If they want something other than the last one they installed, then they'll have to mess with PATH or other configuration...
In theory, this makes sense to me. What it needs is someone to champion it. And address the inevitable questions/objections. The ones I immediately thought of were:
1. What if I want to install a version *not* for day to day use but just for testing (i.e., there needs to be an easily accessible "leave PATH alone" option). 2. How does this interact with uninstalls and upgrades? If I install 3.7, then 3.8 then uninstall 3.7, then install 3.6, then upgrade 3.8 to 3.8.1, what's left on PATH? (The answer I *want* is 3.8.1. That may well be a nightmare to implement). How does the above change if somewhere in the middle of that process I manually change PATH (in which case I may well *not* want 3.8.1 as the end result!)
It's easy enough to dismiss point (2) as "well, you know what you're doing", but I have experience of people doing a series of installs like this, getting confused with PATH and doing a google search to find out how to "fix" it.

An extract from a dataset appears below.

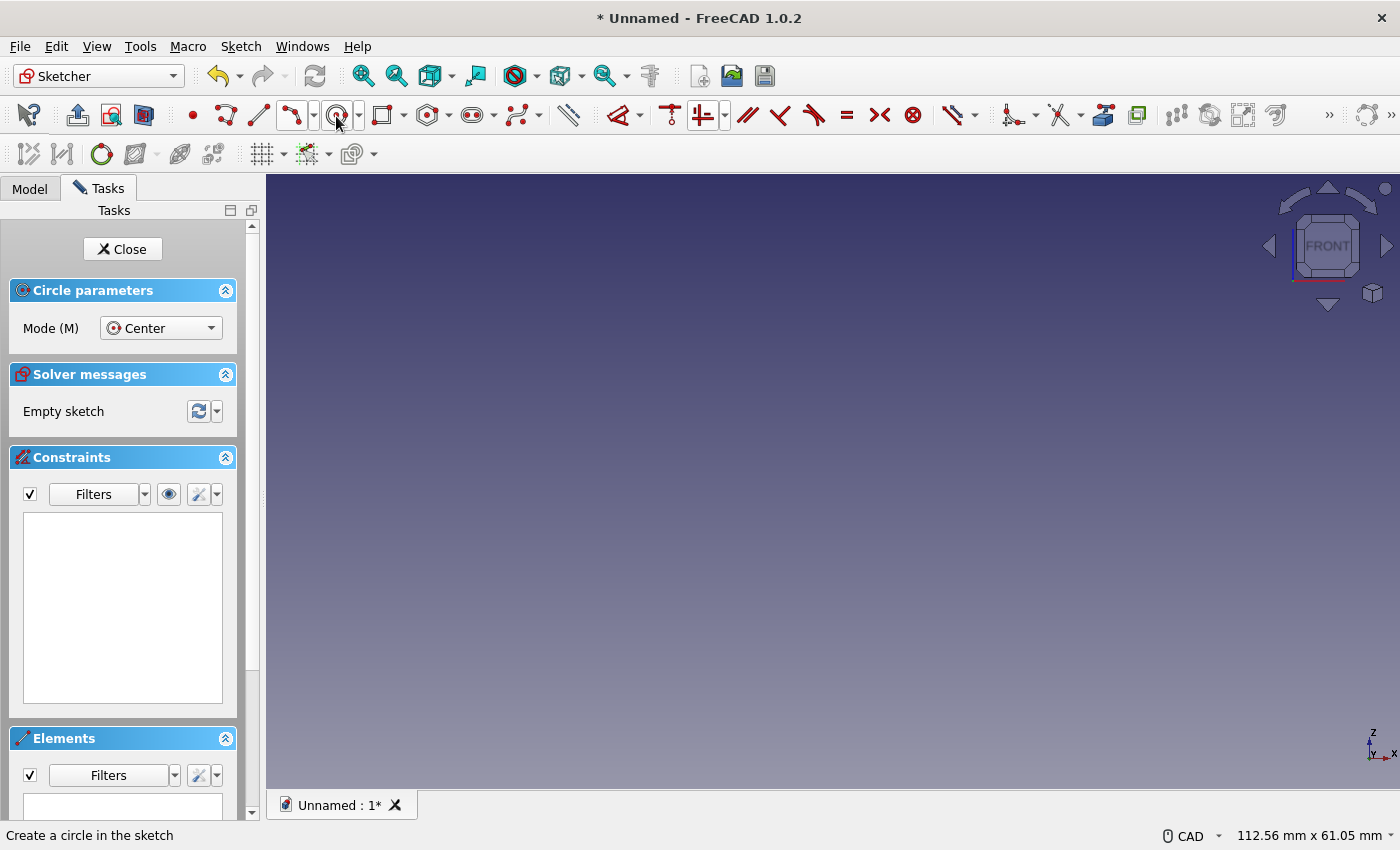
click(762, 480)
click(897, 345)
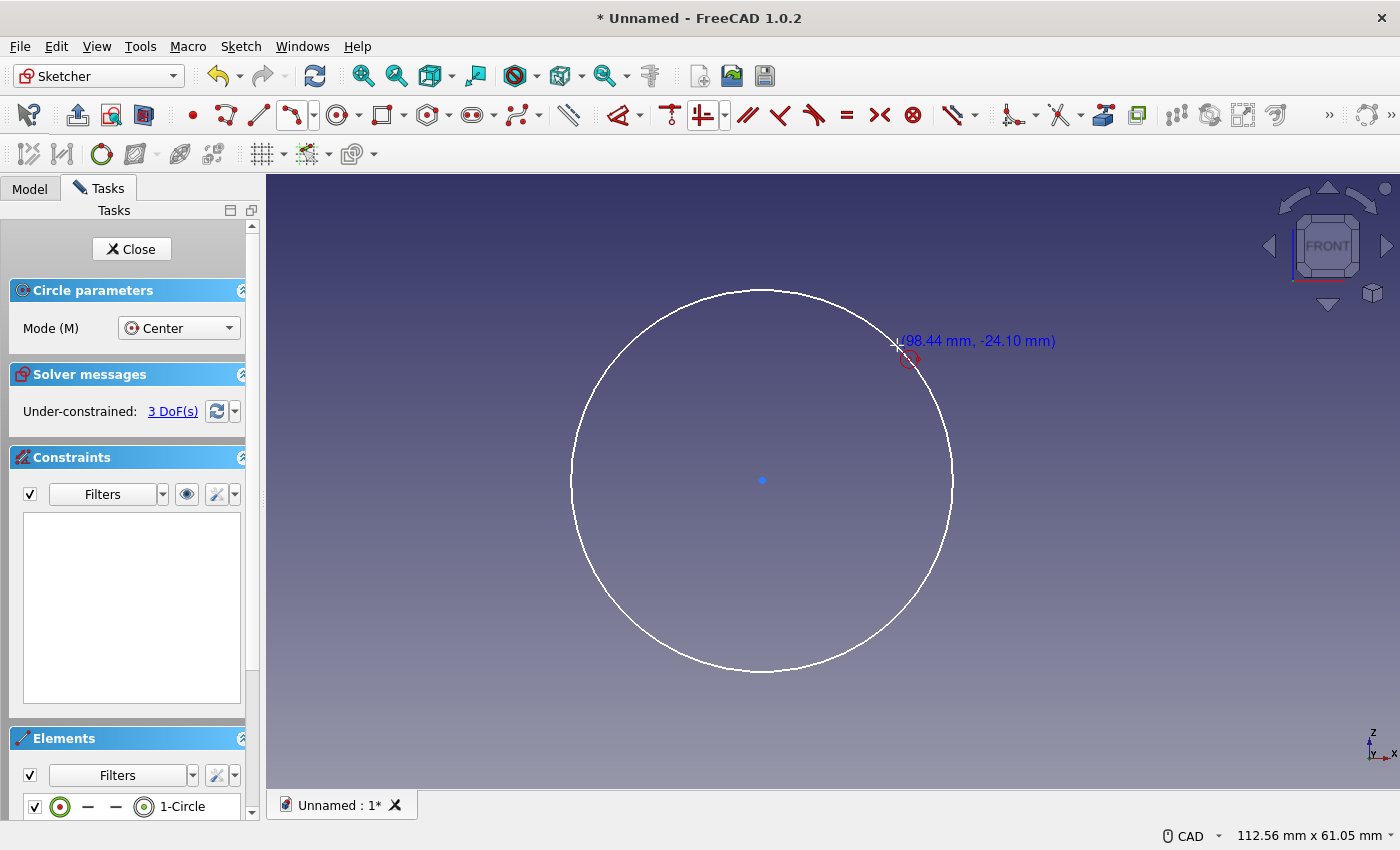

So it is a genuine situation a non-expert user could find themselves in.
After all, what do people expect when they have MSWord version X, and then install MSWord version X+1
But nobody *ever* runs multiple versions of MS Word. Whereas there are genuine reasons for people (and not just experts, although admittedly not complete beginners) to run multiple versions of Python. The MS Word argument implies that the Python installer should automatically and silently uninstall any older versions of Python present on the user's machine.